Efficacy and safety of teneligliptin, a novel dipeptidyl peptidase-4 inhibitor, in Korean patients with type 2 diabetes mellitus: a 24-week multicentre, randomized, double-blind, placebo-controlled phase III trial.

We assessed the 24-week efficacy and safety of teneligliptin, a novel dipeptidyl peptidase-4 inhibitor, in Korean patients with type 2 diabetes mellitus (T2DM) that was inadequately controlled with diet and exercise. The present study was designed as a multicentre, randomized, double-blind, placebo-controlled, parallel-group, phase III study. Patients (n = 142) were randomized 2 : 1 into two different treatment groups as follows: 99 received teneligliptin (20 mg) and 43 received placebo. The primary endpoint was change in glycated haemoglobin (HbA1c) level from baseline to week 24. Teneligliptin significantly reduced the HbA1c level from baseline compared with placebo after 24 weeks. At week 24, the differences between changes in HbA1c and fasting plasma glucose (FBG) in the teneligliptin and placebo groups were -0.94% [least-squares (LS) mean -1.22, -0.65] and -1.21 mmol/l (-1.72, -0.70), respectively (all p < 0.001). The incidence of hypoglycaemia and adverse events were not significantly different between the two groups. This phase III, randomized, placebo-controlled study provides evidence of the safety and efficacy of 24 weeks of treatment with teneligliptin as a monotherapy in Korean patients with T2DM.

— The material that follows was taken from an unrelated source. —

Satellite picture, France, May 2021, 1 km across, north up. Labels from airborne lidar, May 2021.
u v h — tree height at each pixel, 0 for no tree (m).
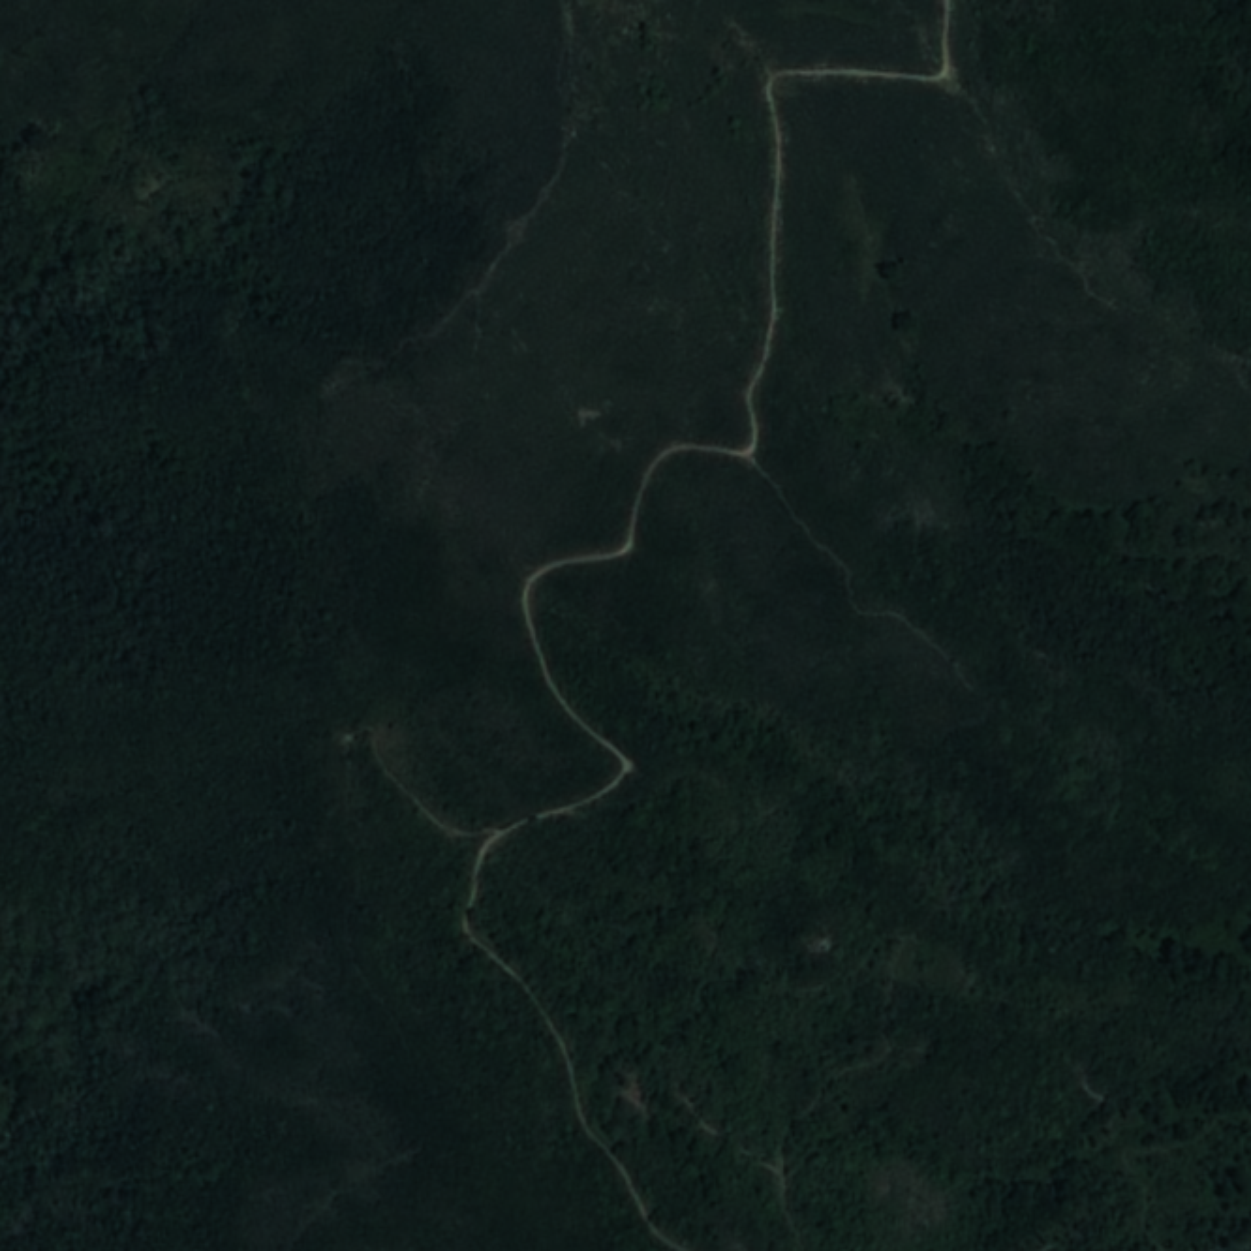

RCT Entities:   Population Interventions Outcomes

Introduction

Teneligliptin is a novel dipeptidyl peptidase‐4 (DPP‐4) inhibitor belonging to the relatively novel pharmacological class of antihyperglycaemic agents that are now recommended as second‐ or first‐line agents in specific situations 1, 2, 3. In a phase II clinical trial, a 4‐week course of teneligliptin (20 mg) monotherapy produced significant least squares (LS) mean reductions of −2.78 ± 0.43, −1.93 ± 0.51, and −2.08 ± 0.42 mmol/l in 2‐h postprandial glucose level after breakfast, lunch and dinner, respectively, in Japanese patients with type 2 diabetes (T2DM) 4. We therefore conducted the present phase III, randomized, double‐blind, placebo‐controlled study to assess the clinical efficacy and safety of teneligliptin in Korean patients with T2DM that was inadequately controlled with diet and exercise.

Methods

The present study was designed to confirm the efficacy and safety of teneligliptin compared with placebo. The study was conducted in accordance with the principles of Good Clinical Practice and was approved by the appropriate institutional review boards and regulatory agencies.

Participants considered eligible for the study were patients aged ≥18 years with T2DM inadequately controlled [glycated haemoglobin (HbA1c) ≥7.0% and <10.0%] through diet and exercise for ≥8 weeks, who had not taken an oral antihyperglycemic agent (OHA) for ≥8 weeks. Exclusion criteria included current or history of significant comorbidities such as cardiovascular, hepatic or renal disease. Patients with adequate compliance (≥80%) after a 2‐week single‐blind placebo run‐in period underwent baseline evaluation and were randomized according to HbA1c (using an 8.0% threshold) into two parallel groups (teneligliptin and placebo; 2 : 1 matching) for 24 weeks.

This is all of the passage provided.